Work order: Return exactly those lines of the material below that fall between the line holding "#3 car (73, 197, 117, 221)" and the line holding "stapler,-0.019,0.172,0.911,0.149,0.060,0.040,11,36,17", inclusive.

The input:
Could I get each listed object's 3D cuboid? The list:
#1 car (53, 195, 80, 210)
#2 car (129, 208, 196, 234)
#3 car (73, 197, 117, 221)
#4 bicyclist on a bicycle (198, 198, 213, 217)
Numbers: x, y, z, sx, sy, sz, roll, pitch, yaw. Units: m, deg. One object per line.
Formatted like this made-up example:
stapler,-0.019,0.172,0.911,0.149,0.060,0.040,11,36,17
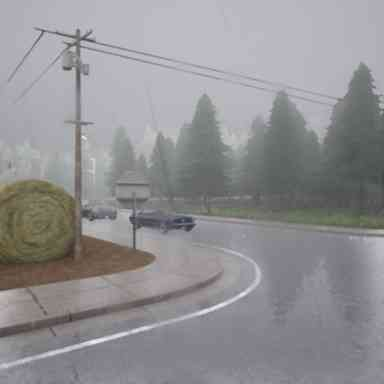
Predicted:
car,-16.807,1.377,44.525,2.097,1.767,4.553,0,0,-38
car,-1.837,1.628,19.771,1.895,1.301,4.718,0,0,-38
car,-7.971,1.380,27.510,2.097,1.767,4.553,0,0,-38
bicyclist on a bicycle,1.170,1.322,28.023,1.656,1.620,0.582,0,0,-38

--

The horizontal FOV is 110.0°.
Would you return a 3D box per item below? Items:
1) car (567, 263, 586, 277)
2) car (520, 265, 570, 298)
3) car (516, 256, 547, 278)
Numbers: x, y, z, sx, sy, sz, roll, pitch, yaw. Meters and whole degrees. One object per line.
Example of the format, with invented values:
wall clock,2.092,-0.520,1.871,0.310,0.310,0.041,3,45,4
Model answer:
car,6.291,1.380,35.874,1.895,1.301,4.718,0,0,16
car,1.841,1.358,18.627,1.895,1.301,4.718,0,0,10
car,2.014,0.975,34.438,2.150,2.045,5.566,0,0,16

Response to the task:
#3 car (73, 197, 117, 221)
#4 bicyclist on a bicycle (198, 198, 213, 217)
Numbers: x, y, z, sx, sy, sz, roll, pitch, yaw. Units: m, deg. One object per line.
Formatted like this made-up example:
stapler,-0.019,0.172,0.911,0.149,0.060,0.040,11,36,17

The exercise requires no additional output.